*** Material shown ***
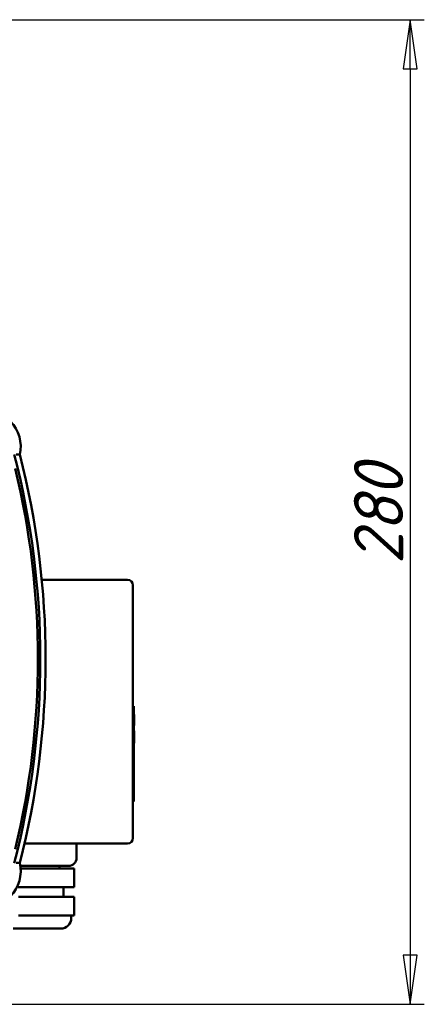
# Model space of a CAD drawing. Header units: millimetres. Extents: x -4813 to 10023, y -389 to 1491.
# Tile 33 of 36: x 1353 to 1468, y 698 to 978. Entities that reach past the tile are written whole.
import ezdxf

# ---------------------------------------------------------------- set-up
doc = ezdxf.new("R2010")
doc.units = ezdxf.units.MM
doc.header["$LTSCALE"] = 4
doc.layers.add('Видимый контур (ГОСТ)', color=7, linetype='Continuous', lineweight=50)
doc.layers.add('Размер (ГОСТ)', color=7, linetype='Continuous', lineweight=25)
doc.styles.add('Обычный текст (ГОСТ)', font='GOST Common Italic.ttf')
doc.dimstyles.new('Обычный (ГОСТ)', dxfattribs={"dimscale": 4, "dimtxt": 3.5, "dimasz": 3.5, "dimexe": 1, "dimexo": 0, "dimgap": 0.5, "dimtad": 1, "dimtxsty": 'Обычный текст (ГОСТ)', "dimblk": 'Filled-1', "dimcen": 0.09, "dimdle": 15, "dimclrd": 256, "dimclre": 256, "dimclrt": 256, "dimazin": 2, "dimtfac": 0.714286, "dimtdec": 3, "dimtmove": 0, "dimatfit": 3, "dimfxl": 1, "dimtolj": 1, "dimlwd": 25, "dimlwe": 25, "dimarcsym": 0})

# ---------------------------------------------------------------- blocks, each defined once
blk = doc.blocks.new('Filled-1')
at = {"color": 0}
for p, q in [((0, 0), (-1, 0.143)), ((-1, 0.143), (-1, -0.143)), ((-1, 0), (0, 0)), ((-1, -0.143), (0, 0))]:
    blk.add_line(p, q, dxfattribs=at)
at = {"color": 0, "flags": 128}
blk.add_lwpolyline([(-1, -0.143), (0, 0), (-1, 0.143), (-1, -0.143)], dxfattribs=at)
at = {"color": 0}
blk.add_solid([(-1, -0.143), (0, 0), (-1, 0.143), (-1, -0.143)], dxfattribs=at)
blk = doc.blocks.new('*D12')
at = {"layer": 'Defpoints', "color": 0, "linetype": 'Continuous', "transparency": 16777216}
for p in [(1218.99, 977.85), (1223.93, 697.85), (1464.26, 697.85)]:
    blk.add_point(p, dxfattribs=at)
at = {"layer": 'Размер (ГОСТ)', "linetype": 'Continuous', "lineweight": 25, "transparency": 16777216}
for p, q in [((1218.99, 977.85), (1468.26, 977.85)), ((1464.26, 963.85), (1464.26, 711.85)), ((1223.93, 697.85), (1468.26, 697.85))]:
    blk.add_line(p, q, dxfattribs=at)
at = {"layer": 'Размер (ГОСТ)', "linetype": 'Continuous', "lineweight": 25, "transparency": 16777216, "xscale": 14, "yscale": 14, "zscale": 14}
for p, rotation in [((1464.26, 977.85), 90), ((1464.26, 697.85), 270)]:
    blk.add_blockref('Filled-1', p, dxfattribs=dict(at, rotation=rotation))
at = {"layer": 'Размер (ГОСТ)', "linetype": 'Continuous', "lineweight": 25, "transparency": 16777216, "insert": (1448.26, 822.98), "char_height": 14, "attachment_point": 1, "rotation": 90, "style": 'Обычный текст (ГОСТ)'}
blk.add_mtext('\\A1;280', dxfattribs=at)

msp = doc.modelspace()

# ---------------------------------------------------------------- linework, layer by layer
at = {"layer": 'Видимый контур (ГОСТ)'}
for p, q in [((1383.935, 818.567), (1359.533, 818.567)), ((1385.435, 817.067), (1385.435, 813.317)), ((1385.435, 748.817), (1385.435, 813.317)), ((1385.435, 782.607), (1385.685, 782.607)), ((1385.685, 782.607), (1385.685, 755.525)), ((1385.685, 780.266), (1385.785, 780.266)), ((1385.785, 780.266), (1385.785, 777.218)), ((1385.685, 777.218), (1385.785, 777.218)), ((1385.685, 777.153), (1385.785, 777.153)), ((1385.685, 775.631), (1385.785, 775.631)), ((1385.785, 777.218), (1385.785, 777.153)), ((1385.785, 775.631), (1385.785, 775.509)), ((1385.685, 775.509), (1385.785, 775.509)), ((1385.685, 775.425), (1385.785, 775.425)), ((1385.685, 775.268), (1385.785, 775.268)), ((1385.685, 774.892), (1385.785, 774.892)), ((1385.685, 774.348), (1385.785, 774.348)), ((1385.685, 774.054), (1385.785, 774.054)), ((1385.685, 773.323), (1385.785, 773.323)), ((1385.685, 772.949), (1385.785, 772.949)), ((1385.785, 775.509), (1385.785, 775.474)), ((1385.785, 775.474), (1385.785, 775.425)), ((1385.785, 775.425), (1385.785, 775.268)), ((1385.785, 775.268), (1385.785, 774.892)), ((1385.785, 774.892), (1385.785, 774.348)), ((1385.785, 774.348), (1385.785, 774.054)), ((1385.785, 774.054), (1385.785, 773.323)), ((1385.785, 773.323), (1385.785, 772.949)), ((1385.785, 772.949), (1385.785, 772.794)), ((1385.685, 772.794), (1385.785, 772.794)), ((1385.685, 772.138), (1385.785, 772.138)), ((1385.785, 772.794), (1385.785, 772.138)), ((1385.435, 755.525), (1385.685, 755.525)), ((1385.435, 748.817), (1385.435, 745.067)), ((1354.617, 743.567), (1383.935, 743.567)), ((1369.435, 743.567), (1369.435, 739.442)), ((1367.185, 737.192), (1353.432, 737.192)), ((1359.654, 736.442), (1353.519, 736.442)), ((1359.654, 736.442), (1363.208, 736.442)), ((1367.782, 736.442), (1363.208, 736.442)), ((1364.56, 737.192), (1364.56, 736.442)), ((1367.782, 736.442), (1368.718, 736.442)), ((1368.718, 736.442), (1368.718, 731.192)), ((1359.654, 731.192), (1352.87, 731.192)), ((1363.208, 731.192), (1359.654, 731.192)), ((1367.782, 731.192), (1363.208, 731.192)), ((1365.685, 731.192), (1365.685, 728.383)), ((1368.718, 731.192), (1367.782, 731.192)), ((1352.913, 728.383), (1356.432, 728.383)), ((1363.251, 728.383), (1356.432, 728.383)), ((1363.251, 728.383), (1366.133, 728.383)), ((1368.523, 728.383), (1366.133, 728.383)), ((1368.523, 728.383), (1368.754, 728.383)), ((1368.754, 728.383), (1368.754, 723.133)), ((1356.432, 723.133), (1352.913, 723.133)), ((1359.842, 723.133), (1356.432, 723.133)), ((1363.251, 723.133), (1359.842, 723.133)), ((1366.133, 723.133), (1363.251, 723.133)), ((1367.328, 723.133), (1366.133, 723.133)), ((1368.523, 723.133), (1367.328, 723.133)), ((1367.927, 723.133), (1367.927, 722.383)), ((1368.754, 723.133), (1368.523, 723.133)), ((1364.927, 719.383), (1351.442, 719.383))]:
    msp.add_line(p, q, dxfattribs=at)
for centre, radius, start, end in [((1343.549, 856.524), 10, 346.295, 103.705), ((1127.808, 796.095), 231.313, 345.4619, 14.5381), ((1127.808, 796.095), 232.812, 345.55894, 14.44106), ((1127.808, 796.095), 230.614, 346.41796, 13.58204), ((1383.935, 817.067), 1.5, 0, 90), ((1383.935, 745.067), 1.5, 270, 0), ((1367.185, 739.442), 2.25, 270, 0), ((1343.549, 735.666), 10, 256.295, 13.705), ((1364.927, 722.383), 3, 270, 0)]:
    msp.add_arc(centre, radius, start, end, dxfattribs=at)
for points, knots in [([(1352.232, 854.154), (1352.306, 854.154), (1352.38, 854.154), (1352.452, 854.153), (1352.522, 854.153), (1352.591, 854.153), (1352.657, 854.153), (1352.779, 854.153), (1352.889, 854.153), (1352.982, 854.153), (1353.072, 854.153), (1353.143, 854.154), (1353.192, 854.154), (1353.24, 854.154), (1353.265, 854.154), (1353.265, 854.154)], [-0.31990975, -0.31990975, -0.31990975, -0.31990975, -0.29774916, -0.29774916, -0.29774916, -0.27613227, -0.27613227, -0.27613227, -0.23631761, -0.23631761, -0.23631761, -0.19772722, -0.19772722, -0.19772722, -0.15971948, -0.15971948, -0.15971948, -0.15971948]), ([(1352.232, 738.035), (1352.306, 738.036), (1352.379, 738.036), (1352.452, 738.036), (1352.522, 738.037), (1352.591, 738.037), (1352.657, 738.037), (1352.779, 738.037), (1352.889, 738.037), (1352.982, 738.036), (1353.072, 738.036), (1353.143, 738.036), (1353.192, 738.035), (1353.24, 738.035), (1353.265, 738.035), (1353.265, 738.035)], [-0.31991777, -0.31991777, -0.31991777, -0.31991777, -0.29776311, -0.29776311, -0.29776311, -0.27614556, -0.27614556, -0.27614556, -0.23632792, -0.23632792, -0.23632792, -0.19773559, -0.19773559, -0.19773559, -0.15972743, -0.15972743, -0.15972743, -0.15972743])]:
    msp.add_open_spline(points, degree=3, knots=knots, dxfattribs=at)

# ---------------------------------------------------------------- dimensions: what is measured, and where the dimension line sits
at = {"layer": 'Размер (ГОСТ)', "linetype": 'Continuous', "lineweight": 25}
dim = msp.add_linear_dim(base=(1464.257, 697.846), p1=(1218.989, 977.846), p2=(1223.932, 697.846), angle=90, dimstyle='Обычный (ГОСТ)', override={"dimgap": 0.5, "dimdec": 2, "dimtol": 0, "dimlim": 0, "dimtp": 0, "dimtm": 0, "dimtdec": 3, "dimtofl": 0, "dimatfit": 1}, dxfattribs=at)
dim.commit()
dim.dimension.update_dxf_attribs({"geometry": '*D12', "text_midpoint": (1464.257, 837.846), "dimtype": 160})

doc.saveas('drawing.dxf')
*** End of Material shown ***
◆ **Work task**:
Would you please copy, word for word, everything above from the line containing "for centre, radius, start, end" down to the line containing "msp.add_arc(centre, radius, start, end, dxfattribs=at)", those two lines included?

◆ **Answer to this exercise**:
for centre, radius, start, end in [((1343.549, 856.524), 10, 346.295, 103.705), ((1127.808, 796.095), 231.313, 345.4619, 14.5381), ((1127.808, 796.095), 232.812, 345.55894, 14.44106), ((1127.808, 796.095), 230.614, 346.41796, 13.58204), ((1383.935, 817.067), 1.5, 0, 90), ((1383.935, 745.067), 1.5, 270, 0), ((1367.185, 739.442), 2.25, 270, 0), ((1343.549, 735.666), 10, 256.295, 13.705), ((1364.927, 722.383), 3, 270, 0)]:
    msp.add_arc(centre, radius, start, end, dxfattribs=at)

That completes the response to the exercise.